**WHAT THE TASK REQUIRES:**
Please return every line below that contains the string "size".
════════════════
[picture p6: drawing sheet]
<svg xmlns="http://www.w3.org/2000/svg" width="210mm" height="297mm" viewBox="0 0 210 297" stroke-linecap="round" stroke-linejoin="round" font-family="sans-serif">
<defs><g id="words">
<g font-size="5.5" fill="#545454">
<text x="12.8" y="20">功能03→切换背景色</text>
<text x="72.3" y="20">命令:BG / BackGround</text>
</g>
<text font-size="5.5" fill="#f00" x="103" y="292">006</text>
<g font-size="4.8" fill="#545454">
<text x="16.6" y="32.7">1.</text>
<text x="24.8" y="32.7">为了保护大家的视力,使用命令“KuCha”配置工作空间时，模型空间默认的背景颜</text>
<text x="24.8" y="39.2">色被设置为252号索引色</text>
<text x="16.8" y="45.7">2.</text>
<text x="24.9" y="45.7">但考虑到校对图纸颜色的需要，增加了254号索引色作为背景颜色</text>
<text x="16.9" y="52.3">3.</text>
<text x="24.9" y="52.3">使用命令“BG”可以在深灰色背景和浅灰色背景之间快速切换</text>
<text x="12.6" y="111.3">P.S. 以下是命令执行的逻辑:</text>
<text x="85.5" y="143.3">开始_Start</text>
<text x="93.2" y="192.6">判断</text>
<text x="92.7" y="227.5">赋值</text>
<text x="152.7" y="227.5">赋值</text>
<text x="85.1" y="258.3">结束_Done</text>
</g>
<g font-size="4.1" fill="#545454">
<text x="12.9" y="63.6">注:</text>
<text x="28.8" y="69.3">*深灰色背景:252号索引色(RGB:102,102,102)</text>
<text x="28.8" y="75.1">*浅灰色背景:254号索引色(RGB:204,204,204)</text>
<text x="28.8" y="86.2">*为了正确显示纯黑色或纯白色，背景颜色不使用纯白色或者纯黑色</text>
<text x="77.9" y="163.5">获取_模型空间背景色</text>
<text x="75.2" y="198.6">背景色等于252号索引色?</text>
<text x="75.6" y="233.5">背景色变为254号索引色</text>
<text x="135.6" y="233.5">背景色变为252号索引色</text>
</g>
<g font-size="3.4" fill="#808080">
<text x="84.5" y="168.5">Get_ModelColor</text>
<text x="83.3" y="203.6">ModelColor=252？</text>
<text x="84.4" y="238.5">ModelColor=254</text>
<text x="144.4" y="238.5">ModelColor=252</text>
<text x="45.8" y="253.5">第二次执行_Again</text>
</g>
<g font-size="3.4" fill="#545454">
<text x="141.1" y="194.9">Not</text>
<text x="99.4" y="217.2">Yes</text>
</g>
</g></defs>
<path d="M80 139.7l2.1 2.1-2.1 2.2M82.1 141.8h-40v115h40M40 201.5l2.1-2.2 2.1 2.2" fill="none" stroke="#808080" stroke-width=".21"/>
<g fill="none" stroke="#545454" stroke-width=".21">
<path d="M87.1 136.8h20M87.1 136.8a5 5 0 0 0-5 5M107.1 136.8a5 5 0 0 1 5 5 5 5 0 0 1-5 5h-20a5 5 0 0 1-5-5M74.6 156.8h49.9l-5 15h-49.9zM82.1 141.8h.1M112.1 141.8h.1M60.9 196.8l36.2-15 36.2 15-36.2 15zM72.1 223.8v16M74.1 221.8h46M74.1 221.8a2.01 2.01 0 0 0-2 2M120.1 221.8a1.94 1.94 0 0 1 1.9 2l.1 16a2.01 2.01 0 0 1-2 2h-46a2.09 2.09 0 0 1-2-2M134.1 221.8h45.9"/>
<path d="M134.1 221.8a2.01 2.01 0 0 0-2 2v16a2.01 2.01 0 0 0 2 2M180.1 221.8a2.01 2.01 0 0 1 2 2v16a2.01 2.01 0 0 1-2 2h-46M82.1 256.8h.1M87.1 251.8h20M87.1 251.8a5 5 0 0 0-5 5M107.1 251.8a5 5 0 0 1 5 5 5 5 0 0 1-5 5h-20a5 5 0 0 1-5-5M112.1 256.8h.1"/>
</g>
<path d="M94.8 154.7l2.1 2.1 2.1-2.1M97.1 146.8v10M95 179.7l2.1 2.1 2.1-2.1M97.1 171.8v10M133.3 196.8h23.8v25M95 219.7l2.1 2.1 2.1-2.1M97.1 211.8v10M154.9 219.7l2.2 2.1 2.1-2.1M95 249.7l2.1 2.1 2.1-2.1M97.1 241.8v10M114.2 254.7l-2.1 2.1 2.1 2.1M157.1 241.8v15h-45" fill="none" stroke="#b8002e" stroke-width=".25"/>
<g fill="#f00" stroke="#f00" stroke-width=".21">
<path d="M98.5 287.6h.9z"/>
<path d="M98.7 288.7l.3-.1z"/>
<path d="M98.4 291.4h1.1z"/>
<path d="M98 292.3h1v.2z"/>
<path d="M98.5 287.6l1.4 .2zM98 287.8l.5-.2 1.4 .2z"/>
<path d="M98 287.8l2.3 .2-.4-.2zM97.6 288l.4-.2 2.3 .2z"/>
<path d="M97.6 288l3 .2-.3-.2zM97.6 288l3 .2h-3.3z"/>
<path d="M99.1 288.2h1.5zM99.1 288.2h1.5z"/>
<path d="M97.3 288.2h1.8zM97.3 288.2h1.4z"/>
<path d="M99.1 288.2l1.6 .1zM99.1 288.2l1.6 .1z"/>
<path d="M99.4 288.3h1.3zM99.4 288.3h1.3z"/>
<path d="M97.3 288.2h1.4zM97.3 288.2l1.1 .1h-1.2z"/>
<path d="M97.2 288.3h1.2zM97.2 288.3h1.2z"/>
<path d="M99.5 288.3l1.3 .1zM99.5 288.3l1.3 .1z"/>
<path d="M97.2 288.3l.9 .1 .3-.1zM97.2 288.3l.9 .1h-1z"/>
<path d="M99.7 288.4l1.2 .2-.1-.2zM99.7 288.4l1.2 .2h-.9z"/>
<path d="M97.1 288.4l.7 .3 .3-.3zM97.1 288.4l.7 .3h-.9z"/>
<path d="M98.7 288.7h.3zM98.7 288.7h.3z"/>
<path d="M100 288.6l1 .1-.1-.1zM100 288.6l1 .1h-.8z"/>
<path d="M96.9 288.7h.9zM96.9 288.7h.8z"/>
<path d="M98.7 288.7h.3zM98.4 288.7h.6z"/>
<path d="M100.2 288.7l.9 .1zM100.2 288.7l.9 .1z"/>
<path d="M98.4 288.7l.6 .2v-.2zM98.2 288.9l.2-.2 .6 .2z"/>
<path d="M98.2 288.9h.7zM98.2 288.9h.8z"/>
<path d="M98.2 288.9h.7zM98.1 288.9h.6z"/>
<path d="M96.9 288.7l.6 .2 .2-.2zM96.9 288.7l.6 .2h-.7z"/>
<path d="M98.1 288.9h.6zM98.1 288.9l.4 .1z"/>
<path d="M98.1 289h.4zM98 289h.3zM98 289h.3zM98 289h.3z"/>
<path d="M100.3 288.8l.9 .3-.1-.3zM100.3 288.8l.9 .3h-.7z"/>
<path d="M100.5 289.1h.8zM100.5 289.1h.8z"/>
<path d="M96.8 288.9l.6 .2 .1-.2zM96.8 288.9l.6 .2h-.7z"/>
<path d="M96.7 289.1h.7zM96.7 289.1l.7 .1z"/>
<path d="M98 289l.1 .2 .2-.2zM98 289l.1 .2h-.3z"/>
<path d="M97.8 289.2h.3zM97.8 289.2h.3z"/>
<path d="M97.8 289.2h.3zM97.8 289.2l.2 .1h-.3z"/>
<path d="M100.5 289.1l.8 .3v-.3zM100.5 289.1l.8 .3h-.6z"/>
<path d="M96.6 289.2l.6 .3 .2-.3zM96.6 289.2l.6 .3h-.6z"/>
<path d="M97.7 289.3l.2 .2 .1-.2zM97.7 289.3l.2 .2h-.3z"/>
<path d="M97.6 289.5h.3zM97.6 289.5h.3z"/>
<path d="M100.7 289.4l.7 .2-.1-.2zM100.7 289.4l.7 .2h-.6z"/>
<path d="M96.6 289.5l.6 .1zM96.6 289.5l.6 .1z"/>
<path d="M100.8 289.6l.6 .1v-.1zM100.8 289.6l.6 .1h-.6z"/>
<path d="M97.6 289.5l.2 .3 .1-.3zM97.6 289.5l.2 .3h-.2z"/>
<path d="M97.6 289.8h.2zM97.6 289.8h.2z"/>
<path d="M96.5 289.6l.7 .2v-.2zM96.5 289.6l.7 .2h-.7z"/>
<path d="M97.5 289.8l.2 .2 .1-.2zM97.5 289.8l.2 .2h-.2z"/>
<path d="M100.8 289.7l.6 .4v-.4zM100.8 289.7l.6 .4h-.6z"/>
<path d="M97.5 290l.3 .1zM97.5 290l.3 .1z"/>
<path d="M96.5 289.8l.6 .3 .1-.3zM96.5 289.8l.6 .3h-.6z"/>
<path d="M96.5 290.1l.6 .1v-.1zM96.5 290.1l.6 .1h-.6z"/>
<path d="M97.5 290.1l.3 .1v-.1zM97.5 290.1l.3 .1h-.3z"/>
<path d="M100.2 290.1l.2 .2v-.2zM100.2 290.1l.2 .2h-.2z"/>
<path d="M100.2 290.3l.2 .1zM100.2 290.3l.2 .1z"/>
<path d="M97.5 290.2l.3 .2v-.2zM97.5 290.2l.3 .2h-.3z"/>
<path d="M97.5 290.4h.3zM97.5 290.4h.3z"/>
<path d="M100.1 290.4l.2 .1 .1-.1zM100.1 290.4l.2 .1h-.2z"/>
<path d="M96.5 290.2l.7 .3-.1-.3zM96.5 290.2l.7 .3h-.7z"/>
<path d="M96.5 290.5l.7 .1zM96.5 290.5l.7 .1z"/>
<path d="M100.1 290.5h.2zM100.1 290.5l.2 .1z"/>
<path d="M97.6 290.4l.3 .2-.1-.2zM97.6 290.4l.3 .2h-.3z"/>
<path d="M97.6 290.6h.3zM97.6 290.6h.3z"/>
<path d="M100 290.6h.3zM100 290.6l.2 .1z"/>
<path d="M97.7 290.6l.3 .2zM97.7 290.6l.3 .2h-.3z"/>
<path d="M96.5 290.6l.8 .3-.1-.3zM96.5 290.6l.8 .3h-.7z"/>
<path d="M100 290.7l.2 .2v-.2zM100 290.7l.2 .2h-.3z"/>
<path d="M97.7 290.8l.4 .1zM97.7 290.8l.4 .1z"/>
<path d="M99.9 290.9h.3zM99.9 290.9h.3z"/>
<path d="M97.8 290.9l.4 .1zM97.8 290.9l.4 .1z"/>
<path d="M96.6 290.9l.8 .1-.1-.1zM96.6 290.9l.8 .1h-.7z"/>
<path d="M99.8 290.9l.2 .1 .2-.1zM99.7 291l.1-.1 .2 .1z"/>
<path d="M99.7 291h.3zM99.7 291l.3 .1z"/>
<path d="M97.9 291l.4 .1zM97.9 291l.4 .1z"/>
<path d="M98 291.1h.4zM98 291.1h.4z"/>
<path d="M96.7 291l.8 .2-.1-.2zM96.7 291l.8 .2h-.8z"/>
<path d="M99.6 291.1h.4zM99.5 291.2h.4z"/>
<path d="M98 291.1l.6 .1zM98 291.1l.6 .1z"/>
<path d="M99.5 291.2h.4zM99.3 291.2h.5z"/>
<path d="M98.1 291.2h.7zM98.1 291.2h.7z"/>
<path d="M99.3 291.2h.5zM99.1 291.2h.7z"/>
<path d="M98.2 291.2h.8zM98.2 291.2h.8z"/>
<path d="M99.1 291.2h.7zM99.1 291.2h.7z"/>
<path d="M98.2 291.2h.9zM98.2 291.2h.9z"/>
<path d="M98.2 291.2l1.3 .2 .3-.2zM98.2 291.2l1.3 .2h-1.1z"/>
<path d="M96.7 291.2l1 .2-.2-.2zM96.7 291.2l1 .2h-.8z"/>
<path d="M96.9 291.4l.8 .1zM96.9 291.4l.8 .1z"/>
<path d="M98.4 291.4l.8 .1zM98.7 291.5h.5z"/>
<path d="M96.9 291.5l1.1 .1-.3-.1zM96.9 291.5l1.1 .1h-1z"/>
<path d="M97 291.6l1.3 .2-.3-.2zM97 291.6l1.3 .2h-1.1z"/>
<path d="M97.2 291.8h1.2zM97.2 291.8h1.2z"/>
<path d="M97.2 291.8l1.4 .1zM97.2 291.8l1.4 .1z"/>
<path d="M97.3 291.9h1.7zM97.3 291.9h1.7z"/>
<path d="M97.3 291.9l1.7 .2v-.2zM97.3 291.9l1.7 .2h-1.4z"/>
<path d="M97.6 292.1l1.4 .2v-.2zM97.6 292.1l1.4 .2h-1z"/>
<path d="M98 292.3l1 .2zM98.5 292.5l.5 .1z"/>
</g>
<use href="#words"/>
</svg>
════════════════
**WRITTEN SOLUTION:**
<g font-size="5.5" fill="#545454">
<text font-size="5.5" fill="#f00" x="103" y="292">006</text>
<g font-size="4.8" fill="#545454">
<g font-size="4.1" fill="#545454">
<g font-size="3.4" fill="#808080">
<g font-size="3.4" fill="#545454">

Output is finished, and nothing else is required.